== THE PROBLEM ==
Please return all lines from the records below that include the string "ANSWER".

== DATA TO EXAMINE ==
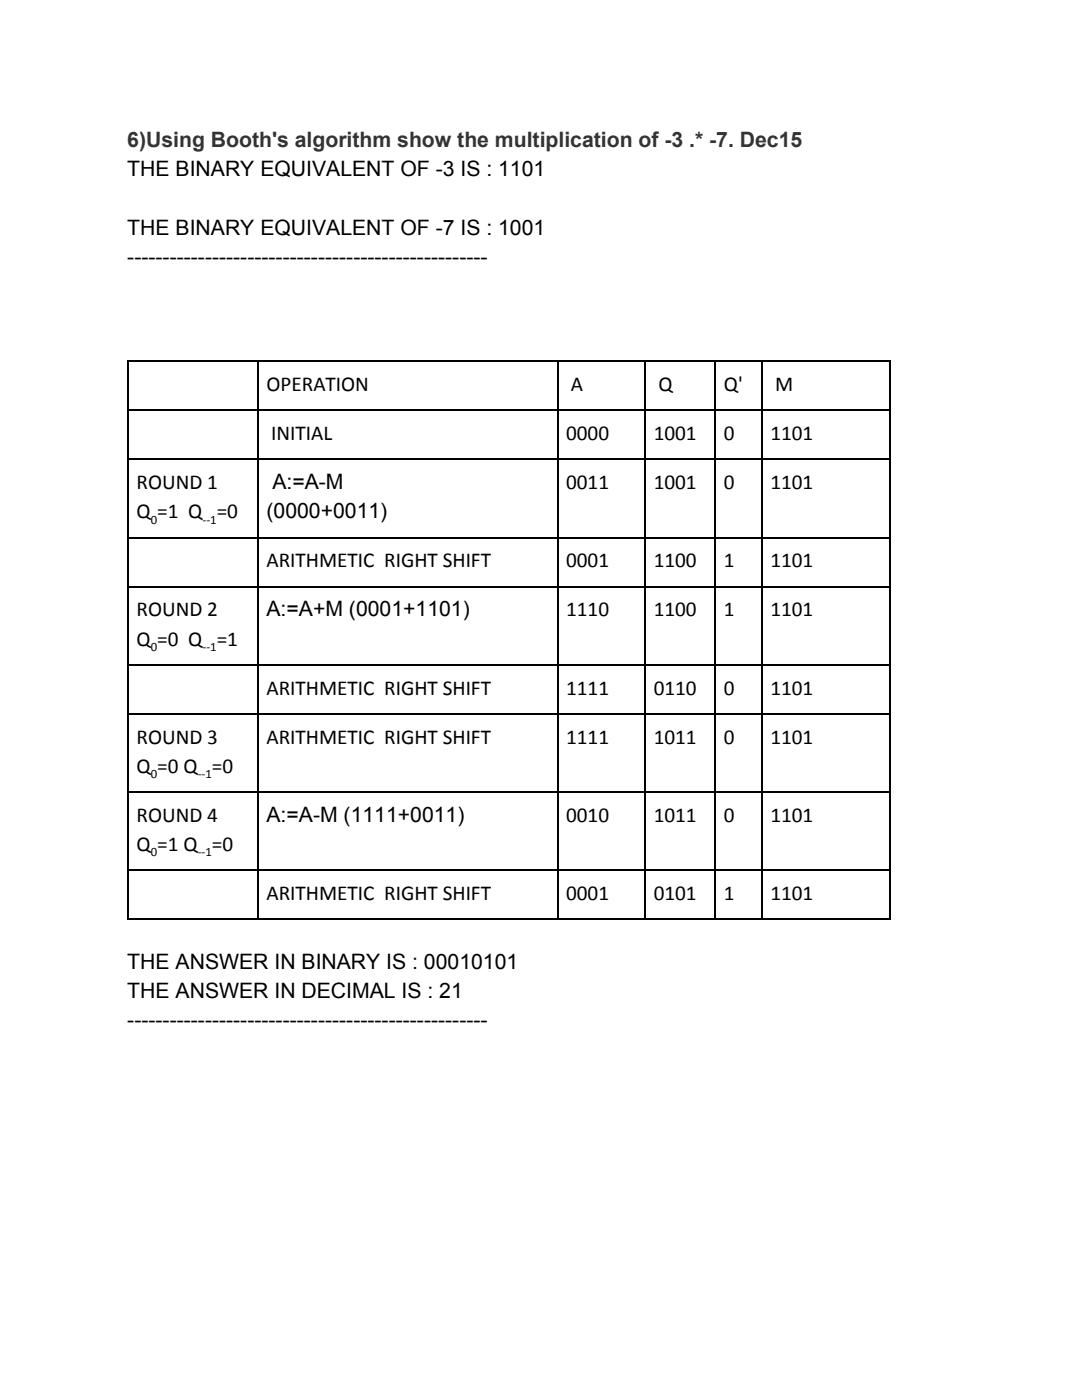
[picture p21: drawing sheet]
<svg xmlns="http://www.w3.org/2000/svg" width="216mm" height="279mm" viewBox="0 0 216 279" stroke-linecap="round" stroke-linejoin="round" font-family="sans-serif">
<defs><g id="words">
<text font-size="4.2" fill="#333" x="25.4" y="29.4">6)Using Booth's algorithm show the multiplication of -3 .* -7. Dec15</text>
<g font-size="4.2">
<text x="25.4" y="35.2">THE BINARY EQUIVALENT OF -3 IS : 1101</text>
<text x="25.4" y="46.8">THE BINARY EQUIVALENT OF -7 IS : 1001</text>
<text x="25.4" y="52.7">---------------------------------------------------</text>
<text x="53.2" y="78.1">OPERATION</text>
<text x="113.9" y="78.1">A</text>
<text x="131.4" y="78.1">Q</text>
<text x="144.5" y="78.1">Q'</text>
<text x="154.7" y="78.1">M</text>
<text x="54.1" y="87.8">INITIAL</text>
<text x="113" y="87.8">0000</text>
<text x="130.4" y="87.8">1001</text>
<text x="144.5" y="87.8">0</text>
<text x="153.7" y="87.8">1101</text>
<text x="27.3" y="97.6">ROUND 1</text>
<text x="54.4" y="97.6">A:=A-M</text>
<text x="113" y="97.6">0011</text>
<text x="130.4" y="97.6">1001</text>
<text x="144.5" y="97.6">0</text>
<text x="153.7" y="97.6">1101</text>
<text x="27.3" y="103.5">Q =1 Q =0</text>
<text x="53.2" y="103.5">(0000+0011)</text>
<text x="53.2" y="113.2">ARITHMETIC RIGHT SHIFT</text>
<text x="113" y="113.2">0001</text>
<text x="130.4" y="113.2">1100</text>
<text x="144.5" y="113.2">1</text>
<text x="153.7" y="113.2">1101</text>
<text x="27.3" y="123">ROUND 2</text>
<text x="53.2" y="123">A:=A+M (0001+1101)</text>
<text x="113" y="123">1110</text>
<text x="130.4" y="123">1100</text>
<text x="144.5" y="123">1</text>
<text x="153.7" y="123">1101</text>
<text x="27.3" y="128.9">Q =0 Q =1</text>
<text x="53.2" y="138.6">ARITHMETIC RIGHT SHIFT</text>
<text x="113" y="138.6">1111</text>
<text x="130.4" y="138.6">0110</text>
<text x="144.5" y="138.6">0</text>
<text x="153.7" y="138.6">1101</text>
<text x="27.3" y="148.4">ROUND 3</text>
<text x="53.2" y="148.4">ARITHMETIC RIGHT SHIFT</text>
<text x="113" y="148.4">1111</text>
<text x="130.4" y="148.4">1011</text>
<text x="144.5" y="148.4">0</text>
<text x="153.7" y="148.4">1101</text>
<text x="27.3" y="154.3">Q =0 Q =0</text>
<text x="27.3" y="164">ROUND 4</text>
<text x="53.2" y="164">A:=A-M (1111+0011)</text>
<text x="113" y="164">0010</text>
<text x="130.4" y="164">1011</text>
<text x="144.5" y="164">0</text>
<text x="153.7" y="164">1101</text>
<text x="27.3" y="169.9">Q =1 Q =0</text>
<text x="53.2" y="179.7">ARITHMETIC RIGHT SHIFT</text>
<text x="113" y="179.7">0001</text>
<text x="130.4" y="179.7">0101</text>
<text x="144.5" y="179.7">1</text>
<text x="153.7" y="179.7">1101</text>
<text x="25.4" y="193.4">THE ANSWER IN BINARY IS : 00010101</text>
<text x="25.4" y="199.2">THE ANSWER IN DECIMAL IS : 21</text>
<text x="25.4" y="205.1">---------------------------------------------------</text>
</g>
<g font-size="2.5">
<text x="30.1" y="104.5">0</text>
<text x="40.4" y="104.5">--1</text>
<text x="30.1" y="129.9">0</text>
<text x="40.4" y="129.9">--1</text>
<text x="30.1" y="155.3">0</text>
<text x="39.4" y="155.3">--1</text>
<text x="30.1" y="170.9">0</text>
<text x="39.4" y="170.9">--1</text>
</g>
</g></defs>
<g fill="none" stroke="#000" stroke-width=".26">
<path d="M25.4 72.1h152.4M25.5 72v111.6M51.5 72v111.6M111.3 72v111.6M128.7 72v111.6M142.7 72v111.6M152 72v111.6M177.7 72v111.6M25.4 91.7h152.4M25.4 81.9h152.4M25.4 117.1h152.4M25.4 107.3h152.4"/>
<path d="M25.4 132.7h152.4M25.4 158.1h152.4M25.4 142.5h152.4M25.4 173.7h152.4M25.4 183.5h152.4"/>
</g>
<use href="#words"/>
</svg>

== WRITTEN SOLUTION ==
<text x="25.4" y="193.4">THE ANSWER IN BINARY IS : 00010101</text>
<text x="25.4" y="199.2">THE ANSWER IN DECIMAL IS : 21</text>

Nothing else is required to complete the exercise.